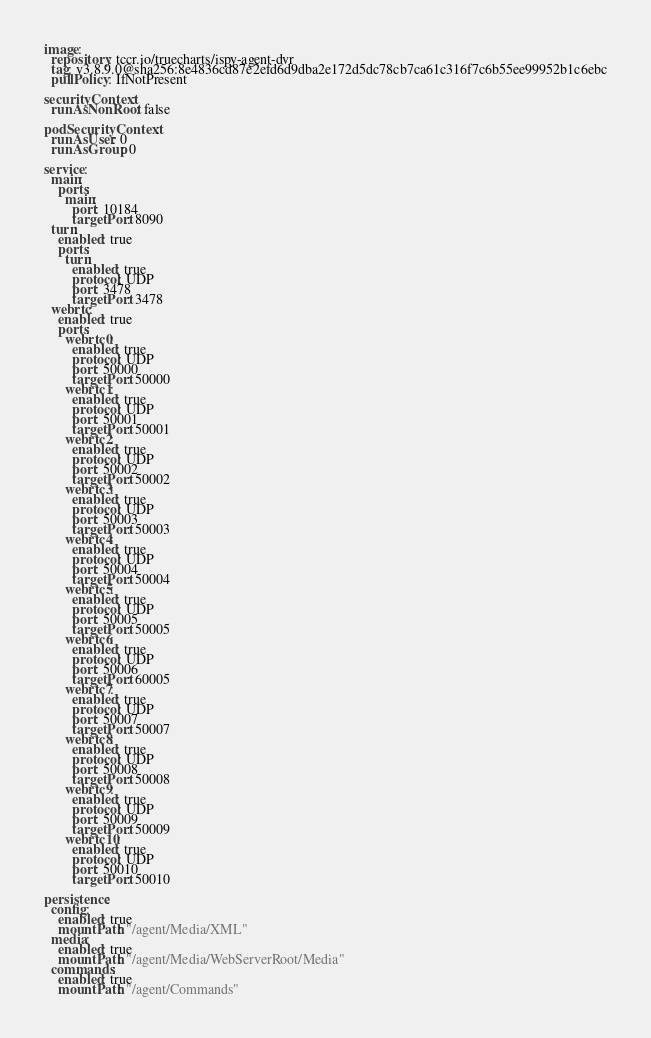Convert code to text. <code><loc_0><loc_0><loc_500><loc_500><_YAML_>image:
  repository: tccr.io/truecharts/ispy-agent-dvr
  tag: v3.8.9.0@sha256:8e4836cd87e2efd6d9dba2e172d5dc78cb7ca61c316f7c6b55ee99952b1c6ebc
  pullPolicy: IfNotPresent

securityContext:
  runAsNonRoot: false

podSecurityContext:
  runAsUser: 0
  runAsGroup: 0

service:
  main:
    ports:
      main:
        port: 10184
        targetPort: 8090
  turn:
    enabled: true
    ports:
      turn:
        enabled: true
        protocol: UDP
        port: 3478
        targetPort: 3478
  webrtc:
    enabled: true
    ports:
      webrtc0:
        enabled: true
        protocol: UDP
        port: 50000
        targetPort: 50000
      webrtc1:
        enabled: true
        protocol: UDP
        port: 50001
        targetPort: 50001
      webrtc2:
        enabled: true
        protocol: UDP
        port: 50002
        targetPort: 50002
      webrtc3:
        enabled: true
        protocol: UDP
        port: 50003
        targetPort: 50003
      webrtc4:
        enabled: true
        protocol: UDP
        port: 50004
        targetPort: 50004
      webrtc5:
        enabled: true
        protocol: UDP
        port: 50005
        targetPort: 50005
      webrtc6:
        enabled: true
        protocol: UDP
        port: 50006
        targetPort: 60005
      webrtc7:
        enabled: true
        protocol: UDP
        port: 50007
        targetPort: 50007
      webrtc8:
        enabled: true
        protocol: UDP
        port: 50008
        targetPort: 50008
      webrtc9:
        enabled: true
        protocol: UDP
        port: 50009
        targetPort: 50009
      webrtc10:
        enabled: true
        protocol: UDP
        port: 50010
        targetPort: 50010

persistence:
  config:
    enabled: true
    mountPath: "/agent/Media/XML"
  media:
    enabled: true
    mountPath: "/agent/Media/WebServerRoot/Media"
  commands:
    enabled: true
    mountPath: "/agent/Commands"
</code> 
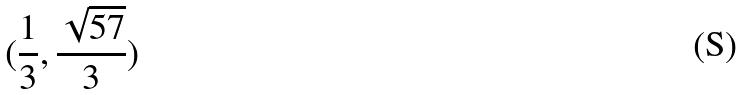Convert formula to latex. <formula><loc_0><loc_0><loc_500><loc_500>( \frac { 1 } { 3 } , \frac { \sqrt { 5 7 } } { 3 } )</formula> 
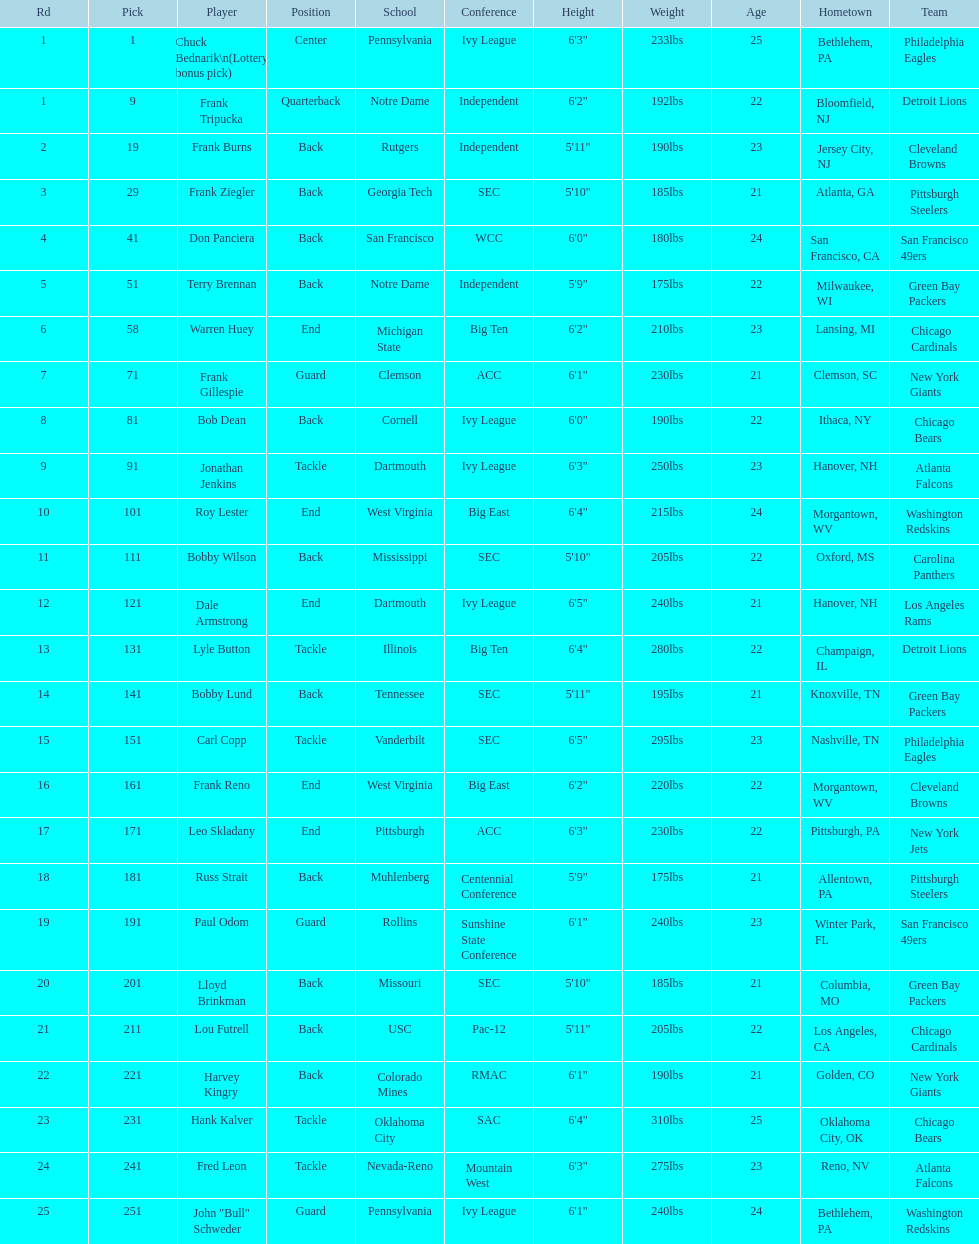Help me parse the entirety of this table. {'header': ['Rd', 'Pick', 'Player', 'Position', 'School', 'Conference', 'Height', 'Weight', 'Age', 'Hometown', 'Team'], 'rows': [['1', '1', 'Chuck Bednarik\\n(Lottery bonus pick)', 'Center', 'Pennsylvania', 'Ivy League', '6\'3"', '233lbs', '25', 'Bethlehem, PA', 'Philadelphia Eagles'], ['1', '9', 'Frank Tripucka', 'Quarterback', 'Notre Dame', 'Independent', '6\'2"', '192lbs', '22', 'Bloomfield, NJ', 'Detroit Lions'], ['2', '19', 'Frank Burns', 'Back', 'Rutgers', 'Independent', '5\'11"', '190lbs', '23', 'Jersey City, NJ', 'Cleveland  Browns'], ['3', '29', 'Frank Ziegler', 'Back', 'Georgia Tech', 'SEC', '5\'10"', '185lbs', '21', 'Atlanta, GA', 'Pittsburgh Steelers'], ['4', '41', 'Don Panciera', 'Back', 'San Francisco', 'WCC', '6\'0"', '180lbs', '24', 'San Francisco, CA', 'San Francisco 49ers'], ['5', '51', 'Terry Brennan', 'Back', 'Notre Dame', 'Independent', '5\'9"', '175lbs', '22', 'Milwaukee, WI', 'Green Bay Packers'], ['6', '58', 'Warren Huey', 'End', 'Michigan State', 'Big Ten', '6\'2"', '210lbs', '23', 'Lansing, MI', 'Chicago Cardinals'], ['7', '71', 'Frank Gillespie', 'Guard', 'Clemson', 'ACC', '6\'1"', '230lbs', '21', 'Clemson, SC', 'New York Giants'], ['8', '81', 'Bob Dean', 'Back', 'Cornell', 'Ivy League', '6\'0"', '190lbs', '22', 'Ithaca, NY', 'Chicago Bears'], ['9', '91', 'Jonathan Jenkins', 'Tackle', 'Dartmouth', 'Ivy League', '6\'3"', '250lbs', '23', 'Hanover, NH', 'Atlanta Falcons'], ['10', '101', 'Roy Lester', 'End', 'West Virginia', 'Big East', '6\'4"', '215lbs', '24', 'Morgantown, WV', 'Washington Redskins'], ['11', '111', 'Bobby Wilson', 'Back', 'Mississippi', 'SEC', '5\'10"', '205lbs', '22', 'Oxford, MS', 'Carolina Panthers'], ['12', '121', 'Dale Armstrong', 'End', 'Dartmouth', 'Ivy League', '6\'5"', '240lbs', '21', 'Hanover, NH', 'Los Angeles Rams'], ['13', '131', 'Lyle Button', 'Tackle', 'Illinois', 'Big Ten', '6\'4"', '280lbs', '22', 'Champaign, IL', 'Detroit Lions'], ['14', '141', 'Bobby Lund', 'Back', 'Tennessee', 'SEC', '5\'11"', '195lbs', '21', 'Knoxville, TN', 'Green Bay Packers'], ['15', '151', 'Carl Copp', 'Tackle', 'Vanderbilt', 'SEC', '6\'5"', '295lbs', '23', 'Nashville, TN', 'Philadelphia Eagles'], ['16', '161', 'Frank Reno', 'End', 'West Virginia', 'Big East', '6\'2"', '220lbs', '22', 'Morgantown, WV', 'Cleveland Browns'], ['17', '171', 'Leo Skladany', 'End', 'Pittsburgh', 'ACC', '6\'3"', '230lbs', '22', 'Pittsburgh, PA', 'New York Jets'], ['18', '181', 'Russ Strait', 'Back', 'Muhlenberg', 'Centennial Conference', '5\'9"', '175lbs', '21', 'Allentown, PA', 'Pittsburgh Steelers'], ['19', '191', 'Paul Odom', 'Guard', 'Rollins', 'Sunshine State Conference', '6\'1"', '240lbs', '23', 'Winter Park, FL', 'San Francisco 49ers'], ['20', '201', 'Lloyd Brinkman', 'Back', 'Missouri', 'SEC', '5\'10"', '185lbs', '21', 'Columbia, MO', 'Green Bay Packers'], ['21', '211', 'Lou Futrell', 'Back', 'USC', 'Pac-12', '5\'11"', '205lbs', '22', 'Los Angeles, CA', 'Chicago Cardinals'], ['22', '221', 'Harvey Kingry', 'Back', 'Colorado Mines', 'RMAC', '6\'1"', '190lbs', '21', 'Golden, CO', 'New York Giants'], ['23', '231', 'Hank Kalver', 'Tackle', 'Oklahoma City', 'SAC', '6\'4"', '310lbs', '25', 'Oklahoma City, OK', 'Chicago Bears'], ['24', '241', 'Fred Leon', 'Tackle', 'Nevada-Reno', 'Mountain West', '6\'3"', '275lbs', '23', 'Reno, NV', 'Atlanta Falcons'], ['25', '251', 'John "Bull" Schweder', 'Guard', 'Pennsylvania', 'Ivy League', '6\'1"', '240lbs', '24', 'Bethlehem, PA', 'Washington Redskins']]} How many draft picks were between frank tripucka and dale armstrong? 10. 
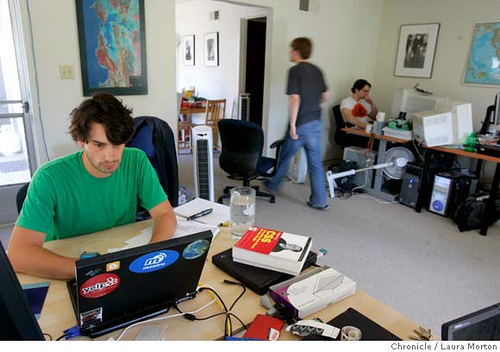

--- TASK GOAL ---
Write out all of the records above. Keep them exact and leave out the pictures.

--- EXERCISE RESPONSE ---
Convert code to text. <code><loc_0><loc_0><loc_500><loc_500><_YAML_>image:
  repository: tccr.io/truecharts/ispy-agent-dvr
  tag: v3.8.9.0@sha256:8e4836cd87e2efd6d9dba2e172d5dc78cb7ca61c316f7c6b55ee99952b1c6ebc
  pullPolicy: IfNotPresent

securityContext:
  runAsNonRoot: false

podSecurityContext:
  runAsUser: 0
  runAsGroup: 0

service:
  main:
    ports:
      main:
        port: 10184
        targetPort: 8090
  turn:
    enabled: true
    ports:
      turn:
        enabled: true
        protocol: UDP
        port: 3478
        targetPort: 3478
  webrtc:
    enabled: true
    ports:
      webrtc0:
        enabled: true
        protocol: UDP
        port: 50000
        targetPort: 50000
      webrtc1:
        enabled: true
        protocol: UDP
        port: 50001
        targetPort: 50001
      webrtc2:
        enabled: true
        protocol: UDP
        port: 50002
        targetPort: 50002
      webrtc3:
        enabled: true
        protocol: UDP
        port: 50003
        targetPort: 50003
      webrtc4:
        enabled: true
        protocol: UDP
        port: 50004
        targetPort: 50004
      webrtc5:
        enabled: true
        protocol: UDP
        port: 50005
        targetPort: 50005
      webrtc6:
        enabled: true
        protocol: UDP
        port: 50006
        targetPort: 60005
      webrtc7:
        enabled: true
        protocol: UDP
        port: 50007
        targetPort: 50007
      webrtc8:
        enabled: true
        protocol: UDP
        port: 50008
        targetPort: 50008
      webrtc9:
        enabled: true
        protocol: UDP
        port: 50009
        targetPort: 50009
      webrtc10:
        enabled: true
        protocol: UDP
        port: 50010
        targetPort: 50010

persistence:
  config:
    enabled: true
    mountPath: "/agent/Media/XML"
  media:
    enabled: true
    mountPath: "/agent/Media/WebServerRoot/Media"
  commands:
    enabled: true
    mountPath: "/agent/Commands"
</code> 
Convert formula to latex. <formula><loc_0><loc_0><loc_500><loc_500>( \frac { 1 } { 3 } , \frac { \sqrt { 5 7 } } { 3 } )</formula> 
Help me parse the entirety of this table. {'header': ['Rd', 'Pick', 'Player', 'Position', 'School', 'Conference', 'Height', 'Weight', 'Age', 'Hometown', 'Team'], 'rows': [['1', '1', 'Chuck Bednarik\\n(Lottery bonus pick)', 'Center', 'Pennsylvania', 'Ivy League', '6\'3"', '233lbs', '25', 'Bethlehem, PA', 'Philadelphia Eagles'], ['1', '9', 'Frank Tripucka', 'Quarterback', 'Notre Dame', 'Independent', '6\'2"', '192lbs', '22', 'Bloomfield, NJ', 'Detroit Lions'], ['2', '19', 'Frank Burns', 'Back', 'Rutgers', 'Independent', '5\'11"', '190lbs', '23', 'Jersey City, NJ', 'Cleveland  Browns'], ['3', '29', 'Frank Ziegler', 'Back', 'Georgia Tech', 'SEC', '5\'10"', '185lbs', '21', 'Atlanta, GA', 'Pittsburgh Steelers'], ['4', '41', 'Don Panciera', 'Back', 'San Francisco', 'WCC', '6\'0"', '180lbs', '24', 'San Francisco, CA', 'San Francisco 49ers'], ['5', '51', 'Terry Brennan', 'Back', 'Notre Dame', 'Independent', '5\'9"', '175lbs', '22', 'Milwaukee, WI', 'Green Bay Packers'], ['6', '58', 'Warren Huey', 'End', 'Michigan State', 'Big Ten', '6\'2"', '210lbs', '23', 'Lansing, MI', 'Chicago Cardinals'], ['7', '71', 'Frank Gillespie', 'Guard', 'Clemson', 'ACC', '6\'1"', '230lbs', '21', 'Clemson, SC', 'New York Giants'], ['8', '81', 'Bob Dean', 'Back', 'Cornell', 'Ivy League', '6\'0"', '190lbs', '22', 'Ithaca, NY', 'Chicago Bears'], ['9', '91', 'Jonathan Jenkins', 'Tackle', 'Dartmouth', 'Ivy League', '6\'3"', '250lbs', '23', 'Hanover, NH', 'Atlanta Falcons'], ['10', '101', 'Roy Lester', 'End', 'West Virginia', 'Big East', '6\'4"', '215lbs', '24', 'Morgantown, WV', 'Washington Redskins'], ['11', '111', 'Bobby Wilson', 'Back', 'Mississippi', 'SEC', '5\'10"', '205lbs', '22', 'Oxford, MS', 'Carolina Panthers'], ['12', '121', 'Dale Armstrong', 'End', 'Dartmouth', 'Ivy League', '6\'5"', '240lbs', '21', 'Hanover, NH', 'Los Angeles Rams'], ['13', '131', 'Lyle Button', 'Tackle', 'Illinois', 'Big Ten', '6\'4"', '280lbs', '22', 'Champaign, IL', 'Detroit Lions'], ['14', '141', 'Bobby Lund', 'Back', 'Tennessee', 'SEC', '5\'11"', '195lbs', '21', 'Knoxville, TN', 'Green Bay Packers'], ['15', '151', 'Carl Copp', 'Tackle', 'Vanderbilt', 'SEC', '6\'5"', '295lbs', '23', 'Nashville, TN', 'Philadelphia Eagles'], ['16', '161', 'Frank Reno', 'End', 'West Virginia', 'Big East', '6\'2"', '220lbs', '22', 'Morgantown, WV', 'Cleveland Browns'], ['17', '171', 'Leo Skladany', 'End', 'Pittsburgh', 'ACC', '6\'3"', '230lbs', '22', 'Pittsburgh, PA', 'New York Jets'], ['18', '181', 'Russ Strait', 'Back', 'Muhlenberg', 'Centennial Conference', '5\'9"', '175lbs', '21', 'Allentown, PA', 'Pittsburgh Steelers'], ['19', '191', 'Paul Odom', 'Guard', 'Rollins', 'Sunshine State Conference', '6\'1"', '240lbs', '23', 'Winter Park, FL', 'San Francisco 49ers'], ['20', '201', 'Lloyd Brinkman', 'Back', 'Missouri', 'SEC', '5\'10"', '185lbs', '21', 'Columbia, MO', 'Green Bay Packers'], ['21', '211', 'Lou Futrell', 'Back', 'USC', 'Pac-12', '5\'11"', '205lbs', '22', 'Los Angeles, CA', 'Chicago Cardinals'], ['22', '221', 'Harvey Kingry', 'Back', 'Colorado Mines', 'RMAC', '6\'1"', '190lbs', '21', 'Golden, CO', 'New York Giants'], ['23', '231', 'Hank Kalver', 'Tackle', 'Oklahoma City', 'SAC', '6\'4"', '310lbs', '25', 'Oklahoma City, OK', 'Chicago Bears'], ['24', '241', 'Fred Leon', 'Tackle', 'Nevada-Reno', 'Mountain West', '6\'3"', '275lbs', '23', 'Reno, NV', 'Atlanta Falcons'], ['25', '251', 'John "Bull" Schweder', 'Guard', 'Pennsylvania', 'Ivy League', '6\'1"', '240lbs', '24', 'Bethlehem, PA', 'Washington Redskins']]} How many draft picks were between frank tripucka and dale armstrong? 10. 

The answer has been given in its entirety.